##### INPUT RECORDS #####
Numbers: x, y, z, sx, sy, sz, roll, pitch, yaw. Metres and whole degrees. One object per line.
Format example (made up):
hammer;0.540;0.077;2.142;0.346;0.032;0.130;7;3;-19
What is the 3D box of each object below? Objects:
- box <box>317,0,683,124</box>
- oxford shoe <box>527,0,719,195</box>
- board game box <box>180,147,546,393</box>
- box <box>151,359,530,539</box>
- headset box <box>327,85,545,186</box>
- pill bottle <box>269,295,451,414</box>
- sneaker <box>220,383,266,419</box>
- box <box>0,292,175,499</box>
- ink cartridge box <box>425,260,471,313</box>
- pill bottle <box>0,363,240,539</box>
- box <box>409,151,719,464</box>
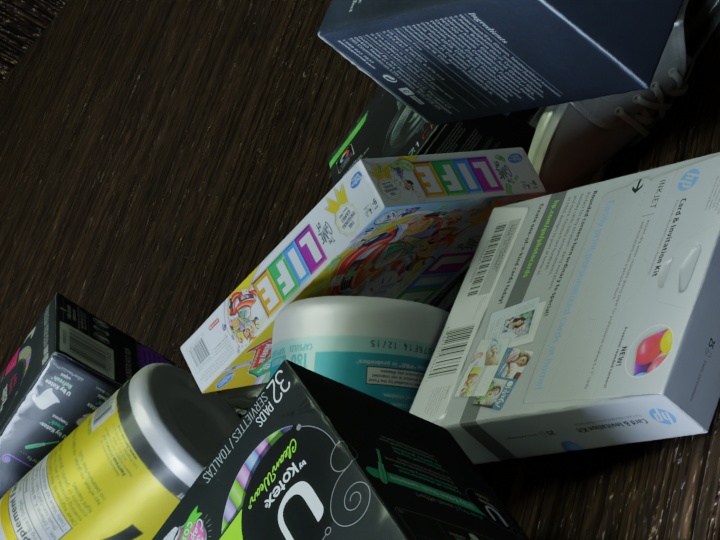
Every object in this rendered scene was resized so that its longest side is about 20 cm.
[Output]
box;0.094;-0.184;1.567;0.200;0.107;0.149;-6;55;54
oxford shoe;0.162;-0.111;1.587;0.200;0.058;0.075;-58;-24;6
board game box;0.000;0.000;1.572;0.200;0.134;0.034;-45;64;40
box;0.002;0.170;1.316;0.149;0.124;0.200;-54;39;14
headset box;0.069;-0.090;1.765;0.174;0.093;0.200;-53;16;15
pill bottle;-0.001;0.121;1.496;0.111;0.111;0.200;157;119;-64
sneaker;-0.028;0.087;1.781;0.200;0.076;0.091;-14;31;49
box;-0.223;0.138;1.864;0.200;0.106;0.122;-55;15;13
ink cartridge box;0.091;0.022;1.567;0.200;0.050;0.109;-43;22;46
pill bottle;-0.168;0.163;1.747;0.200;0.114;0.114;-42;21;20
box;0.123;0.022;1.410;0.200;0.041;0.156;-15;44;50
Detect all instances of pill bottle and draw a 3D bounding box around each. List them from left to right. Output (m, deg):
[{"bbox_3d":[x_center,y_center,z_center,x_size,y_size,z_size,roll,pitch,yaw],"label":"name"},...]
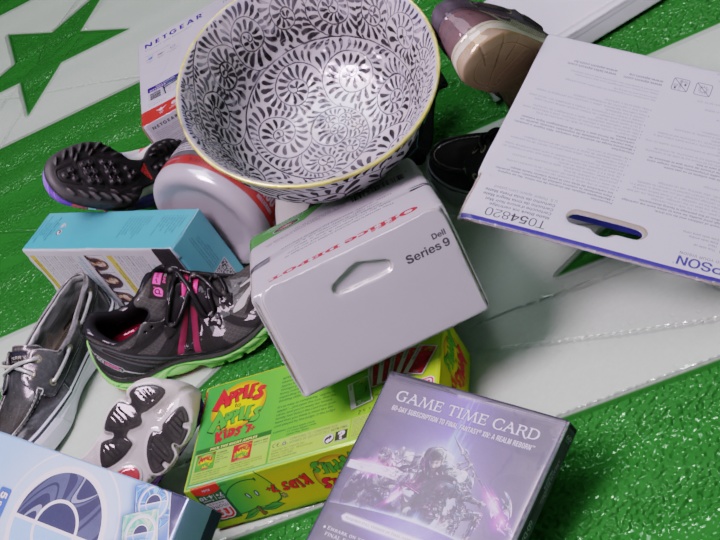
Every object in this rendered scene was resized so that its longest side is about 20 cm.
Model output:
[{"bbox_3d":[-0.086,-0.114,1.354,0.115,0.116,0.200,1,48,41],"label":"pill bottle"}]

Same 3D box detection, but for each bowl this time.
[{"bbox_3d":[-0.032,-0.121,1.166,0.200,0.094,0.202,-5,58,8],"label":"bowl"}]

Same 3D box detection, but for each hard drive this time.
[{"bbox_3d":[0.181,-0.236,1.359,0.199,0.026,0.132,-32,34,5],"label":"hard drive"}]

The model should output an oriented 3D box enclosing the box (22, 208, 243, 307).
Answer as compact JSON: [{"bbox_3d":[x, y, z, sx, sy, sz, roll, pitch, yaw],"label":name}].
[{"bbox_3d":[-0.202,-0.009,1.354,0.199,0.082,0.049,1,48,40],"label":"box"}]

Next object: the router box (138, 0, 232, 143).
[{"bbox_3d":[-0.132,-0.220,1.579,0.199,0.049,0.180,-28,35,9],"label":"router box"}]

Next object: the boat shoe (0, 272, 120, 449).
[{"bbox_3d":[-0.275,0.087,1.308,0.072,0.071,0.201,-7,44,34],"label":"boat shoe"}]

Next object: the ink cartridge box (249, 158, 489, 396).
[{"bbox_3d":[0.000,0.000,1.108,0.145,0.084,0.200,-26,14,3],"label":"ink cartridge box"}]

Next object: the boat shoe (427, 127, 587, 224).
[{"bbox_3d":[0.122,-0.086,1.199,0.200,0.057,0.069,15,58,48],"label":"boat shoe"}]

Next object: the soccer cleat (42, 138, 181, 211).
[{"bbox_3d":[-0.228,-0.078,1.409,0.073,0.068,0.200,-33,-8,29],"label":"soccer cleat"}]

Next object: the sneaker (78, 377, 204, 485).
[{"bbox_3d":[-0.186,0.165,1.157,0.200,0.083,0.081,-44,78,5],"label":"sneaker"}]

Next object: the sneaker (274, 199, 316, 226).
[{"bbox_3d":[-0.054,-0.111,1.259,0.074,0.080,0.201,-24,53,43],"label":"sneaker"}]

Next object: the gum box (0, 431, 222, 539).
[{"bbox_3d":[-0.209,0.215,1.053,0.199,0.045,0.171,13,75,35],"label":"gum box"}]

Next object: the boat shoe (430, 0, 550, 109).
[{"bbox_3d":[0.115,-0.171,1.197,0.072,0.200,0.065,-42,69,21],"label":"boat shoe"}]

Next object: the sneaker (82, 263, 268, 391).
[{"bbox_3d":[-0.139,0.033,1.249,0.199,0.084,0.077,-26,36,13],"label":"sneaker"}]

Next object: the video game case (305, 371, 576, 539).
[{"bbox_3d":[0.033,0.167,0.956,0.142,0.019,0.201,13,66,38],"label":"video game case"}]

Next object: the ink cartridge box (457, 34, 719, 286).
[{"bbox_3d":[0.191,-0.070,1.070,0.199,0.041,0.200,16,52,18],"label":"ink cartridge box"}]

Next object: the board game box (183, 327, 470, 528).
[{"bbox_3d":[-0.022,0.109,1.093,0.199,0.048,0.102,-18,37,22],"label":"board game box"}]

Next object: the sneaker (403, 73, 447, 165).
[{"bbox_3d":[0.022,-0.098,1.284,0.075,0.079,0.201,2,70,53],"label":"sneaker"}]
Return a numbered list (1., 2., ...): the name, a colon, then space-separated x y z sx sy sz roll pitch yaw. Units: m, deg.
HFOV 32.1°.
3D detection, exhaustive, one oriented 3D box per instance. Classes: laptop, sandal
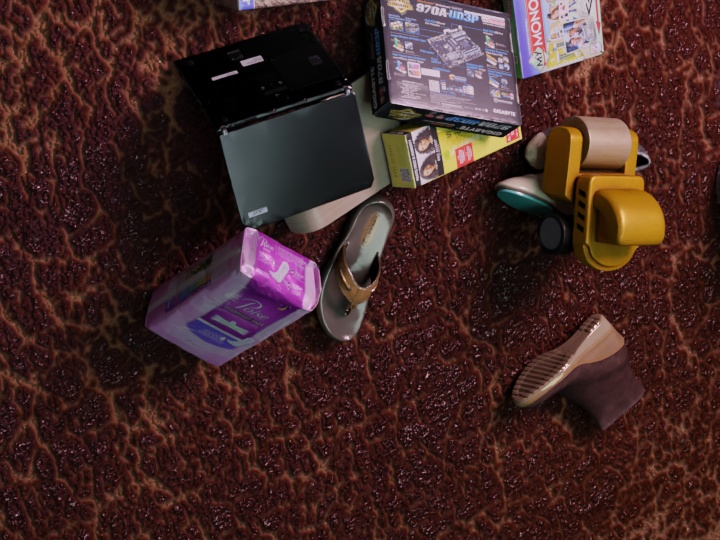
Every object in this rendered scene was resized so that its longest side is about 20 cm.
1. laptop: -0.100 -0.175 1.487 0.176 0.200 0.104 -21 147 -20
2. sandal: 0.000 0.000 1.637 0.081 0.055 0.201 20 96 -31

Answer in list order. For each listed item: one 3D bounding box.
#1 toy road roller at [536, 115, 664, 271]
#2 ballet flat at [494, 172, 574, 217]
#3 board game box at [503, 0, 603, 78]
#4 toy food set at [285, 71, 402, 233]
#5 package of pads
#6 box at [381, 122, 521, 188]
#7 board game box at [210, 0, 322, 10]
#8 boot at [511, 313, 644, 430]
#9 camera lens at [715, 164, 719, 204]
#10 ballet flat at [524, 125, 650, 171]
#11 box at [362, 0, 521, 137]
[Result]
1. toy road roller: 0.329 -0.100 1.654 0.122 0.146 0.202 -2 99 -32
2. ballet flat: 0.266 -0.098 1.745 0.199 0.069 0.070 28 93 -33
3. board game box: 0.251 -0.369 1.652 0.134 0.029 0.201 -20 115 -21
4. toy food set: -0.031 -0.156 1.576 0.200 0.060 0.144 -35 119 -23
5. package of pads: -0.154 0.036 1.501 0.120 0.199 0.076 29 48 -33
6. box: 0.120 -0.173 1.617 0.199 0.050 0.076 -26 113 -35
7. board game box: -0.072 -0.395 1.444 0.199 0.097 0.161 -13 112 -24
8. boot: 0.329 0.181 1.857 0.200 0.072 0.167 -39 118 -15
9. camera lens: 0.646 -0.118 1.847 0.159 0.200 0.161 -9 110 -24
10. ballet flat: 0.317 -0.167 1.744 0.199 0.057 0.067 -3 107 -27
11. box: 0.103 -0.259 1.565 0.199 0.046 0.160 5 71 -29
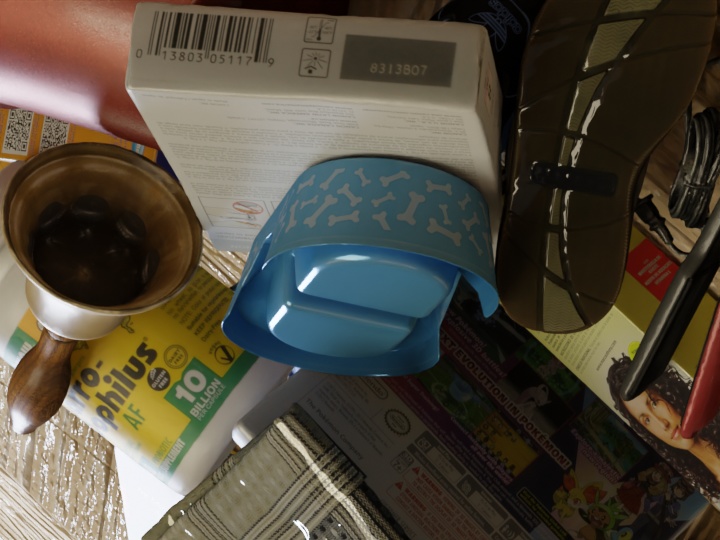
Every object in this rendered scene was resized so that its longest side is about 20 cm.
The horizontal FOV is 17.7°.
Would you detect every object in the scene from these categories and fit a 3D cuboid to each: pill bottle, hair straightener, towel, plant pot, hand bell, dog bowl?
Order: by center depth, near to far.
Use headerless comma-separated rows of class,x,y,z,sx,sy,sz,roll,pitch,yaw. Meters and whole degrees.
hair straightener,0.153,-0.020,1.072,0.077,0.041,0.201,29,128,25
dog bowl,0.000,0.000,1.123,0.111,0.050,0.200,12,159,-12
towel,-0.022,0.182,1.193,0.193,0.035,0.200,50,142,4
plant pot,-0.123,-0.153,1.207,0.195,0.201,0.201,24,140,26
hand bell,-0.159,0.033,1.236,0.104,0.104,0.200,44,141,12
pill bottle,-0.144,0.029,1.338,0.200,0.113,0.113,38,148,2

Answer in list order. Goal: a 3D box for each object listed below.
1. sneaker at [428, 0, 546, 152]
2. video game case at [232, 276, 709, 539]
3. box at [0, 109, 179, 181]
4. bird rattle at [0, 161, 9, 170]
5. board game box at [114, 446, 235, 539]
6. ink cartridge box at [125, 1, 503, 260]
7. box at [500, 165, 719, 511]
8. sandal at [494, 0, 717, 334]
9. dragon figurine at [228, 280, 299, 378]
sneaker,0.043,-0.086,1.150,0.070,0.078,0.200,46,149,9
video game case,0.062,0.102,1.222,0.200,0.182,0.023,46,151,9
box,-0.117,-0.066,1.352,0.200,0.119,0.042,12,90,49
bird rattle,-0.196,-0.039,1.529,0.200,0.112,0.164,180,75,-79
board game box,-0.083,0.210,1.654,0.200,0.057,0.166,32,145,30
ink cartridge box,-0.012,-0.060,1.102,0.162,0.057,0.200,4,164,10
box,0.138,0.029,1.175,0.200,0.050,0.075,43,148,14
sandal,0.110,-0.065,1.074,0.081,0.055,0.201,11,118,3
dragon figurine,-0.033,0.039,1.402,0.100,0.059,0.200,49,150,4
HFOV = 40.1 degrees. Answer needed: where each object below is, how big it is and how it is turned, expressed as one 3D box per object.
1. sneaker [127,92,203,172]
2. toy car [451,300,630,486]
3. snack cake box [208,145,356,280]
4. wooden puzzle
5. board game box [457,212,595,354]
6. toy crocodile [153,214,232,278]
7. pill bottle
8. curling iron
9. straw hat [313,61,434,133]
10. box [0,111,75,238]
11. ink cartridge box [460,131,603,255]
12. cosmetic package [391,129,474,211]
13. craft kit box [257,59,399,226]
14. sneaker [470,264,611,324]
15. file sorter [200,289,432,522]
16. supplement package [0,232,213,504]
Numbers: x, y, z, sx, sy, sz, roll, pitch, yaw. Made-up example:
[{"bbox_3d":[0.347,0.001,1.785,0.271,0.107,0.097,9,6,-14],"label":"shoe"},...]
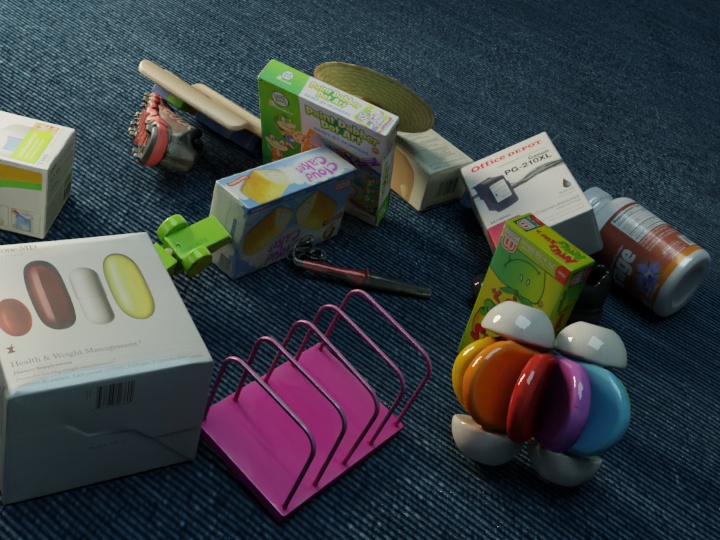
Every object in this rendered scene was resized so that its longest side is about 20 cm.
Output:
[{"bbox_3d":[-0.277,-0.194,1.414,0.097,0.071,0.201,20,20,-26],"label":"sneaker"},{"bbox_3d":[0.197,0.135,1.046,0.198,0.177,0.150,16,1,-2],"label":"toy car"},{"bbox_3d":[-0.104,-0.078,1.287,0.067,0.116,0.199,37,41,26],"label":"snack cake box"},{"bbox_3d":[-0.220,-0.234,1.463,0.184,0.047,0.200,32,9,12],"label":"wooden puzzle"},{"bbox_3d":[0.191,0.046,1.166,0.047,0.202,0.101,-20,48,-40],"label":"board game box"},{"bbox_3d":[-0.236,-0.006,1.158,0.068,0.062,0.199,45,52,12],"label":"toy crocodile"},{"bbox_3d":[0.395,-0.033,1.434,0.111,0.113,0.200,-18,47,-39],"label":"pill bottle"},{"bbox_3d":[0.000,0.000,1.294,0.198,0.026,0.050,18,61,-5],"label":"curling iron"},{"bbox_3d":[0.008,-0.206,1.402,0.199,0.201,0.086,22,80,4],"label":"straw hat"},{"bbox_3d":[-0.469,-0.131,1.220,0.198,0.102,0.113,14,35,-4],"label":"box"},{"bbox_3d":[0.241,-0.091,1.420,0.143,0.085,0.201,-23,40,5],"label":"ink cartridge box"},{"bbox_3d":[0.068,-0.183,1.535,0.104,0.072,0.200,-18,48,-38],"label":"cosmetic package"},{"bbox_3d":[-0.047,-0.173,1.369,0.198,0.198,0.049,26,56,15],"label":"craft kit box"},{"bbox_3d":[0.244,0.016,1.325,0.197,0.091,0.076,3,39,-17],"label":"sneaker"},{"bbox_3d":[-0.043,0.125,1.011,0.139,0.126,0.199,43,41,18],"label":"file sorter"},{"bbox_3d":[-0.274,0.086,0.969,0.189,0.148,0.200,-8,43,-31],"label":"supplement package"}]
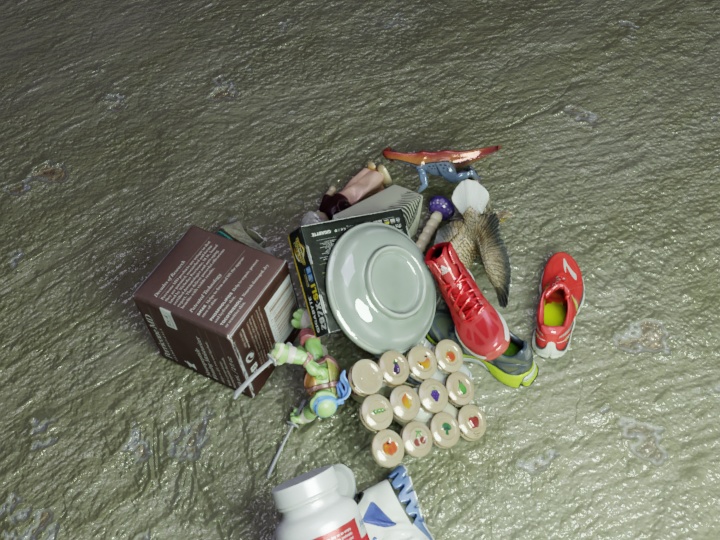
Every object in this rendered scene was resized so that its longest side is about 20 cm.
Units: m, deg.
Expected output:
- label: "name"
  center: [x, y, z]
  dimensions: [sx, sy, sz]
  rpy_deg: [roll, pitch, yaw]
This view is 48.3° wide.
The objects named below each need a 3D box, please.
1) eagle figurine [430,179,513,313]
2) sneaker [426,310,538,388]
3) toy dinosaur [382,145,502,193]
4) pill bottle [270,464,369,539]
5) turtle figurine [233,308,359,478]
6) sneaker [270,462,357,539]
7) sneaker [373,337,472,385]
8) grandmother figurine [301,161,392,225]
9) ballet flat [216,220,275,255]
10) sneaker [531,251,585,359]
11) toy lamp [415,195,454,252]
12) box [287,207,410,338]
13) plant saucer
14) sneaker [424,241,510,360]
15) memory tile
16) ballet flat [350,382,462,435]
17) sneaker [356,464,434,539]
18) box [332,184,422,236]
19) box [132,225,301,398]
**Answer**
#####
## TASK GOAL:
Every line in the records above that contains the word "Units" should be copied out.

## ANSWER SPACE:
Return a numbered list (1., 2., ...): the name, a colon, then space-separated x y z sx sy sz roll pitch yaw. Units: m, deg.
Units: m, deg.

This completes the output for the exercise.